Около десяти секунд никто не произнес ни слова.

— Как странно, — прошептала Донна.

Она обхватила себя за плечи, и я увидел, что ее руки покрываются гусиной кожей.

— Тебе холодно?

Кевин как истинный джентльмен предложил ей свой пиджак.

— Я знаю другой способ согреться. Получше. — Она взяла Кевина за руку. — Ты когда-нибудь занимался этим в дюнах?

— Только не с такой лисичкой, как ты!

Кевин сгреб упаковку из шести банок пива и пляжное покрывало, и они скрылись за песчаными холмами в поисках уединения.

Тем временем пьяная в стельку Кимберли, впав в оцепенение, не сводила взгляда расширенных глаз с окутанных клубящимся дымом ярко-красных углей костра и взлетающих над ними искр.

— Знаешь что, — решил воспользоваться моментом Джерри, — если бы ты была новым бургером в «Макдоналдсе», тебя назвали бы «Мак-Красотка».

— Заткнись! — пробормотала Кимберли, с трудом поднимаясь на ноги и шумно отряхивая песок с затянутой в треугольники бикини задницы. Потом она рыгнула и обернулась к Джерри: — Пошли трахаться.

И они тоже ушли.

Мы с Брендой Наррамор остались в одиночестве.

Она молча выкурила еще несколько «Доралов» и сняла пластиковую обертку со второй пачки. Песок вокруг нас начал напоминать пепельницу возле лифтов крутых отелей. Затушенные окурки стояли торчком, напоминая крошечные могильные камни. У меня в груди все болело.

Приблизительно две сигареты спустя из-за расположенных немного восточнее дюн до нас донеслись тихие стоны.

Я кивнул на пляжную сумку Бренды.

— Ты не прихватила с собой хорошую книжку? Мы тут, похоже, застряли надолго.

Она сунула руку в холщовый мешок.

— Прихватила.

Я сразу узнал бордовую обложку. «Над пропастью во ржи».

— Хорошая книга, — сказал я.

— Ты ее читал?

— Кто ее не читал?

— Донна и Ким не читали.

Я кивнул. Потеребил этикетку на бутылке из-под вина.

— Я ее прочитал лет примерно в двенадцать.

Бренда поправила очки на носу.

— Вообще-то, книги мне нравятся больше, чем мальчики. Не обижайся, Дэвид, но чаще внутри обложки хорошей книги все намного интереснее, чем в голове у большинства мужиков.

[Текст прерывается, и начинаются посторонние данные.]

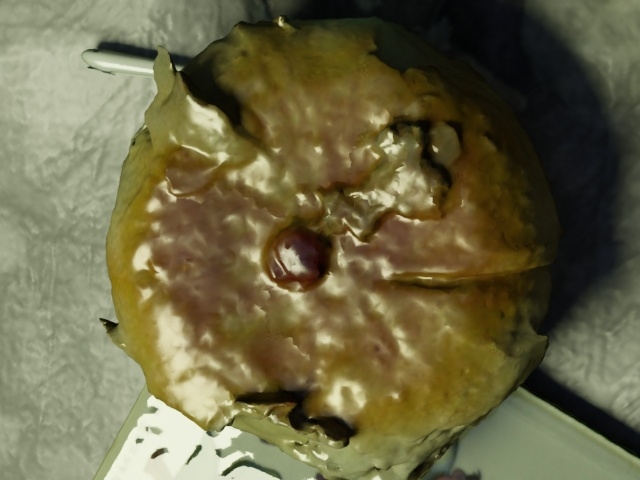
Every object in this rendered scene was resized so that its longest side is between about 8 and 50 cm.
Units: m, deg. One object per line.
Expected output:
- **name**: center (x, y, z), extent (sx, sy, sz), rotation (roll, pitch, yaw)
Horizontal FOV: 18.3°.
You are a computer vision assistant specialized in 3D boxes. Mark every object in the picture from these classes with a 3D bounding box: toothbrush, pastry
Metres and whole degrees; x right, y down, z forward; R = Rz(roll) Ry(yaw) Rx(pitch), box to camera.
- **toothbrush**: center (-0.041, -0.084, 1.137), extent (0.204, 0.017, 0.022), rotation (12, 101, 12)
- **pastry**: center (0.006, 0.000, 1.059), extent (0.257, 0.121, 0.236), rotation (29, 95, 9)

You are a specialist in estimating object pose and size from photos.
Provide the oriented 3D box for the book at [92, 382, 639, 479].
- **book**: center (0.047, 0.189, 1.133), extent (0.371, 0.043, 0.260), rotation (31, 99, 9)
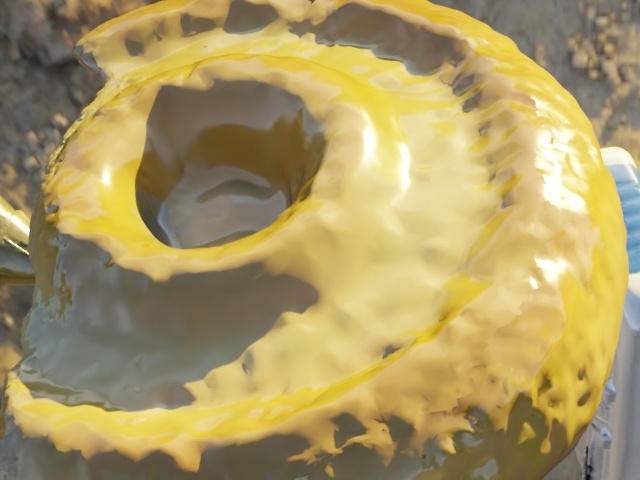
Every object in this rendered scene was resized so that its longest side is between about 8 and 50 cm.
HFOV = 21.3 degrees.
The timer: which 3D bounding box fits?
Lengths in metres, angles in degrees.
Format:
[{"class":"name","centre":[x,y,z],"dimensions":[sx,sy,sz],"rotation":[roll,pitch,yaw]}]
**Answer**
[{"class":"timer","centre":[0.214,0.072,1.279],"dimensions":[0.078,0.253,0.178],"rotation":[-10,45,-5]}]

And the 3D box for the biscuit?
[{"class":"biscuit","centre":[0.000,-0.001,0.602],"dimensions":[0.213,0.091,0.274],"rotation":[-9,42,4]}]

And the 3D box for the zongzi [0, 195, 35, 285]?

Я снова кивнул. Все понял.

Я воткнул полупустую бутылку тошнотворно сладкого вина в песок и потянулся за очередной банкой «Фальстафа». По крайней мере это пиво обещало мне сегодня «удовольствие в человеческий рост».

Я сделал пенистый глоток и кивнул:

— Это так круто.

— Что?

Я кивнул на ее книгу.

— Быть ловцом во ржи. Стоять над пропастью в поле качающейся на ветру ржи, присматривая за детьми, играющими в салки. Если бы они подошли слишком близко к краю, я бы тоже их поймал. Спас бы их.

— Это не настоящая работа, Дэвид.

— А должна быть настоящей.

Она вопросительно приподняла бровь.

— Ты и в самом деле так считаешь?

— Ну конечно. Слишком многие люди в наше время сталкивают детишек в пропасть. Заставляют их взрослеть слишком быстро. Отсылают умирать в бессмысленных войнах.

Ее лицо смягчилось.

— Дэвид, а сколько тебе лет?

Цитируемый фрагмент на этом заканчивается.